Há canções que não pertencem ao tempo — pertencem ao vento. Clube da Esquina nº 2, de Lô Borges e Milton Nascimento, é uma dessas raras melodias em que o instante se abre para o eterno. Nela, o moço é estrada, a estrada é sonho, e o sonho, por sua vez, é o próprio sentido de existir. Na morte recente de Lô Borges, em 2 de novembro de 2025, em Belo Horizonte, não se cala apenas uma voz, mas uma forma de ver o mundo: a crença suave e persistente de que a juventude, a arte e o afeto são forças que desafiam a finitude. Sua música permanece como um rio que nunca deixa de correr — mesmo quando o leito parece vazio.
O Clube da Esquina nasceu na Minas Gerais dos anos 1960, nas esquinas de Belo Horizonte, quando a juventude ainda acreditava que podia mudar o mundo através de um violão e de uma amizade. Era menos um grupo e mais uma irmandade: Milton Nascimento, Lô e Márcio Borges, Beto Guedes, Toninho Horta, Wagner Tiso e tantos outros que, entre cafés, ladeiras e tardes de ensaio, inventaram um novo idioma sonoro. Fundiram a Bossa Nova, o rock dos Beatles, o jazz, o folclore mineiro e a música erudita num sopro de transcendência. Não havia manifesto — havia comunhão. E dessa comunhão nasceu uma das expressões mais puras da alma brasileira: uma música que, mesmo mineira, parecia falar ao cosmos.
Clube da Esquina nº 2 é uma canção que reflete, em seu âmago, o espírito do movimento. Sua estrutura lírica é quase zen: versos curtos, repetitivos, nos quais a simplicidade se converte em profundidade. A palavra “moço” inaugura a jornada. O moço não é um personagem, é um símbolo — o caminhar humano em busca de si, movido pela ventania, sem olhar para trás. “Porque se chamava estrada / Viagem de ventania”: a existência é caminho e sopro, impulso e incerteza. Lô e Milton transformam a passagem do tempo num convite à leveza. A juventude não é apenas uma fase da vida — é um modo de olhar o mundo sem medo do horizonte.
Há, porém, uma dor subterrânea na melodia. O verso “em meio a tantos gases lacrimogênios” ressoa como uma ferida política: o Brasil vivia sob a ditadura militar. E ainda assim, “os sonhos não envelhecem”. A canção não nega o sofrimento, mas o transcende. É um canto de resistência silenciosa, de serenidade diante do caos.

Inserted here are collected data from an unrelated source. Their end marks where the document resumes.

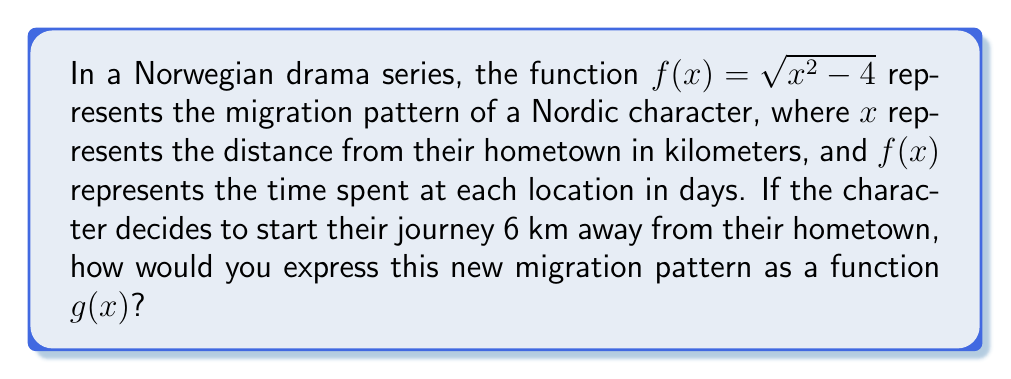Show me your answer to this math problem. To solve this problem, we need to translate the original function $f(x)$ horizontally to the right by 6 units. This is because the character is starting their journey 6 km away from their hometown, which shifts the entire function to the right on the x-axis.

Steps to translate the function:

1. The general form for a horizontal translation is:
   $g(x) = f(x - h)$, where $h$ is the number of units to shift right (positive) or left (negative).

2. In this case, we're shifting 6 units to the right, so $h = 6$.

3. Substitute this into the general form:
   $g(x) = f(x - 6)$

4. Now, replace $f$ with the original function:
   $g(x) = \sqrt{(x-6)^2 - 4}$

5. Simplify the expression inside the parentheses:
   $g(x) = \sqrt{x^2 - 12x + 36 - 4}$
   $g(x) = \sqrt{x^2 - 12x + 32}$

This new function $g(x)$ represents the translated migration pattern of the Nordic character, starting 6 km away from their hometown.
Answer: $g(x) = \sqrt{x^2 - 12x + 32}$ 
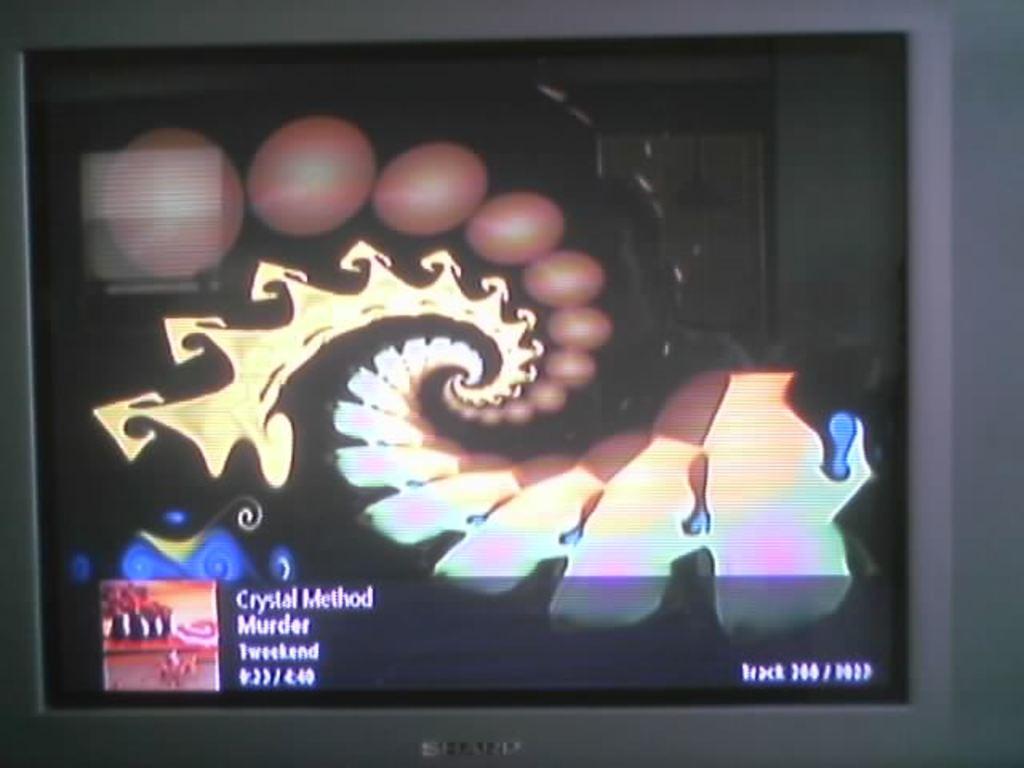What is the name of the album featured on the music channel?
Provide a succinct answer. Tweekend. Who is the musical artist of the album?
Provide a succinct answer. Crystal method.

Lô Borges faz da melodia um abrigo — onde a ternura é a forma mais radical de coragem.
Na sua segunda parte, o poema se torna reflexão pura: “Basta contar compasso / Basta contar consigo / Que a chama não tem pavio”. O tempo é ritmo, e o ritmo é autoconhecimento. A chama que não tem pavio é o espírito — fogo que arde sem precisar de matéria. É uma imagem profundamente filosófica, quase mística, na qual a música assume o papel de linguagem metafísica. “De tudo se faz canção”: eis o credo de Lô Borges. Tudo, até o silêncio, é música quando o coração está desperto.
A canção termina como começou: em movimento. O “rio de asfalto e gente” é a cidade — o fluxo das multidões, a modernidade que entorna e transborda. Mas há um eco poético nisso: o rio, em Minas, é também metáfora da alma — daquilo que corre por dentro e nunca cessa. A palavra “gente”, repetida quase como um mantra, sugere a fusão do eu com o todo. A melodia, nesse ponto, não apenas descreve — ela encarna o movimento da vida.
Em Clube da Esquina nº 2, a filosofia encontra a canção, e a canção encontra a eternidade. É a poesia do instante em que o humano e o divino se tocam. Lô Borges sempre foi o mais silencioso dos grandes — aquele que falava pouco, mas dizia tudo com acordes. Sua morte em Belo Horizonte fecha um ciclo, mas o eco de sua obra abre outro. O moço da esquina se foi, mas a estrada permanece.
O Clube da Esquina, mais que um movimento musical, foi uma visão de mundo — um lugar onde se acreditava que a amizade podia ser harmonia, que o som podia ser ética, que a arte podia ser oração. E Clube da Esquina nº 2 é o seu evangelho mais delicado: uma canção que ensina a caminhar sem pavio, a resistir sem ódio, a sonhar sem medo.
Hoje, ao lembrarmos de Lô Borges, podemos ouvir em silêncio aquela voz que dizia: “E sonhos não envelhecem.”
E é verdade — não envelhecem. Porque, como os rios de Minas, os sonhos de Lô seguem correndo, invisíveis e infinitos, nas curvas do tempo.